Figure 3 shows that the average annual N leaching losses from the system ranged from 91 ± 62 to 67 ± 29 kg N/ha and 92 ± 60 to 95 ± 37 kg N/ha for low to high stocking densities and uniform and randomly distributed excreta respectively. Volatilisation N losses ranged from 3.1 ± 0.7 to 21 ± 4.7 kg N/ha and 3.1 ± 0.7 to 19 ± 4.7 kg N/ha for low to high stocking densities and uniform and randomly distributed excreta respectively. Whereas, denitrification losses were 5.4 ± 2.7 to 4.8 ± 1.2 kg N/ha and 5.1 ± 2.6 to 4.0 to 0.7 kg N/ha for low to high stocking densities and uniform and randomly distributed excreta respectively. On average, the N/ha lost by leaching remained at a similar level when excreta was distributed randomly to the grazed area but gradually reduced for the uniformly distributed excreta with increasing stock density. Volatilisation N losses increased with an increasing area of the grazing receiving excreta, and denitrification losses showed a similar pattern to leaching, however for both volatilisation and denitrification the losses were higher when excreta was distributed uniformly rather than randomly at higher stocking densities.

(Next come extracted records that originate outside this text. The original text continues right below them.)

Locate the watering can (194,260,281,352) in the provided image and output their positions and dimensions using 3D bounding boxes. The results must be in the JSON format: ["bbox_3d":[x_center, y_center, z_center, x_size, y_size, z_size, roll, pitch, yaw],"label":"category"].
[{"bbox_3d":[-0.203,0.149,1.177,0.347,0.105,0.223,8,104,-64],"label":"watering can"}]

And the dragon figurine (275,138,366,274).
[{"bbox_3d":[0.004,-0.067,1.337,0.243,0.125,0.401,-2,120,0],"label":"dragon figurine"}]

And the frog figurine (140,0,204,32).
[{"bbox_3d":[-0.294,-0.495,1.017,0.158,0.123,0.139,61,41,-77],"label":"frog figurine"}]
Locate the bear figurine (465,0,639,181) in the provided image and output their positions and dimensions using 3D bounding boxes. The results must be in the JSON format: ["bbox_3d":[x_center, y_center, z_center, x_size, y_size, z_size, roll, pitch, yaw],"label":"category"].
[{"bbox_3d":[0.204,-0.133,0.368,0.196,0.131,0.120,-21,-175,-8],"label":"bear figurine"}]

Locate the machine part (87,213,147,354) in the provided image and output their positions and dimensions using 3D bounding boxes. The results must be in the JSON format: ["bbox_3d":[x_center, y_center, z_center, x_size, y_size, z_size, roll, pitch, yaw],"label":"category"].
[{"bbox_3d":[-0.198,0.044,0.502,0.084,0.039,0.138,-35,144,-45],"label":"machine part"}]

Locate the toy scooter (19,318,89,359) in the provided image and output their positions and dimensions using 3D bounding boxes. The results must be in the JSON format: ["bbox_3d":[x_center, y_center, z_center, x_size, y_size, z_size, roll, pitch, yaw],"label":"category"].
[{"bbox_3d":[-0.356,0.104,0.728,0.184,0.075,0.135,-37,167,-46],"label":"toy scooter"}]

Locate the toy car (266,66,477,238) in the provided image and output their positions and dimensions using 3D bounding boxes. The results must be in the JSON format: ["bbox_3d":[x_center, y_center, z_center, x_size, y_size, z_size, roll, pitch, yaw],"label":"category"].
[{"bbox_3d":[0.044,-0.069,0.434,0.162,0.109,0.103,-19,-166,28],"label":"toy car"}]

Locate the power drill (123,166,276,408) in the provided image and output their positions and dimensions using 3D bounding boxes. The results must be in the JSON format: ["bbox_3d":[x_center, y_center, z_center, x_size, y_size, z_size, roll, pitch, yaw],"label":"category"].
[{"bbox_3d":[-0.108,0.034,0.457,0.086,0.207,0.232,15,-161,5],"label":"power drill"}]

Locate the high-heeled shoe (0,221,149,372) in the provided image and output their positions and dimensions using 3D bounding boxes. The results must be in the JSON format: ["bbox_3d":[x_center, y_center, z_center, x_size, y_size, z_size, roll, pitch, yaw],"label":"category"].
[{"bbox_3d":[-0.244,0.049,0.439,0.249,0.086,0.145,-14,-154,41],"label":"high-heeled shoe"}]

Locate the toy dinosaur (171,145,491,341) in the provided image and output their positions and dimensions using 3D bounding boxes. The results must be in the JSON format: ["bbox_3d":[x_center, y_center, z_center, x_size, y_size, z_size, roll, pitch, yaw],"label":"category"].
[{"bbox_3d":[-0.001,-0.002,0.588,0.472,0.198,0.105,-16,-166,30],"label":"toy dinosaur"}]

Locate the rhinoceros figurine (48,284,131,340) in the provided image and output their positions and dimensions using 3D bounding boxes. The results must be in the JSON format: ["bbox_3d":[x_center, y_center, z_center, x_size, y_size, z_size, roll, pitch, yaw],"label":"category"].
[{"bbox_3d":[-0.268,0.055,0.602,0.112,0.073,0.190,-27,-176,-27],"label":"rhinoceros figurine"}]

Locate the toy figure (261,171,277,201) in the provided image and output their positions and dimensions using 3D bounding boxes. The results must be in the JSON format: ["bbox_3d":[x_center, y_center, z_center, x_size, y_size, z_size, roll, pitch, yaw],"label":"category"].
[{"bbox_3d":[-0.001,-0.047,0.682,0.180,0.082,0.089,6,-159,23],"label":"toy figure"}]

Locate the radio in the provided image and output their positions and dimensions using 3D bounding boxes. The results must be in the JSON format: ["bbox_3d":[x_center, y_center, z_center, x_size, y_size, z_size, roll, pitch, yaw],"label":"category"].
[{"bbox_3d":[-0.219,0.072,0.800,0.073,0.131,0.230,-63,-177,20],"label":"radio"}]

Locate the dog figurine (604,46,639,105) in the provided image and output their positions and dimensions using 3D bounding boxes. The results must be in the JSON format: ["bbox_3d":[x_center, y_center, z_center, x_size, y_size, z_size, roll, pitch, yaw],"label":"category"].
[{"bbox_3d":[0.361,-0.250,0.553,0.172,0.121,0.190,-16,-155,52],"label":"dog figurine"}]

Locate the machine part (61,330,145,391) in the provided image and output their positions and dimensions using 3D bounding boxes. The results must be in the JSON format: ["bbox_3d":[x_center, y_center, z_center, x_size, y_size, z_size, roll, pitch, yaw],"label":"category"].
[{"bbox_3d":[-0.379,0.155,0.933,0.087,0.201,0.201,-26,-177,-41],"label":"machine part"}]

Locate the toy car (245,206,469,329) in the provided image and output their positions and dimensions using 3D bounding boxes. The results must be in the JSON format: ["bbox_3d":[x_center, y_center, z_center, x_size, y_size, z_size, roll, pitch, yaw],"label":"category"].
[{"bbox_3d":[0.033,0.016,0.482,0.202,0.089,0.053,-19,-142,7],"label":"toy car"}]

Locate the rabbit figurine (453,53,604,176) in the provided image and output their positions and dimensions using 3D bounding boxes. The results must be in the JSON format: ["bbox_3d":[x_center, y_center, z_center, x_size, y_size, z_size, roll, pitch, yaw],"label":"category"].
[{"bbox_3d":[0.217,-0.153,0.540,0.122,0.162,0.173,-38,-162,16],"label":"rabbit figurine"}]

3.3. Proportion of Total Nitrogen Inputs Lost from the Grazing System
At the site simulated, the proportion of total N inputs (from excreta and N fixation by legumes) lost from the grazed area (Figure 4) declined as the stock density and pasture intakes increased (Table 1). Distributing excreta uniformly over the grazed area reduced the proportion of total N inputs lost (P < 0.05 to P < 0.001 for 1400 to 2000 sheep/ha) and in particular N lost by leaching (P < 0.01 to P < 0.001 for 1400 to 2000 sheep/ha). In some years, the N in the soil would start to build up in the soil and then be lost later in higher rainfall years (Figure 1). This resulted in the proportion of total N inputs in a year that were lost being more than one; hence for 200 sheep/ha the standard deviation was greater than one.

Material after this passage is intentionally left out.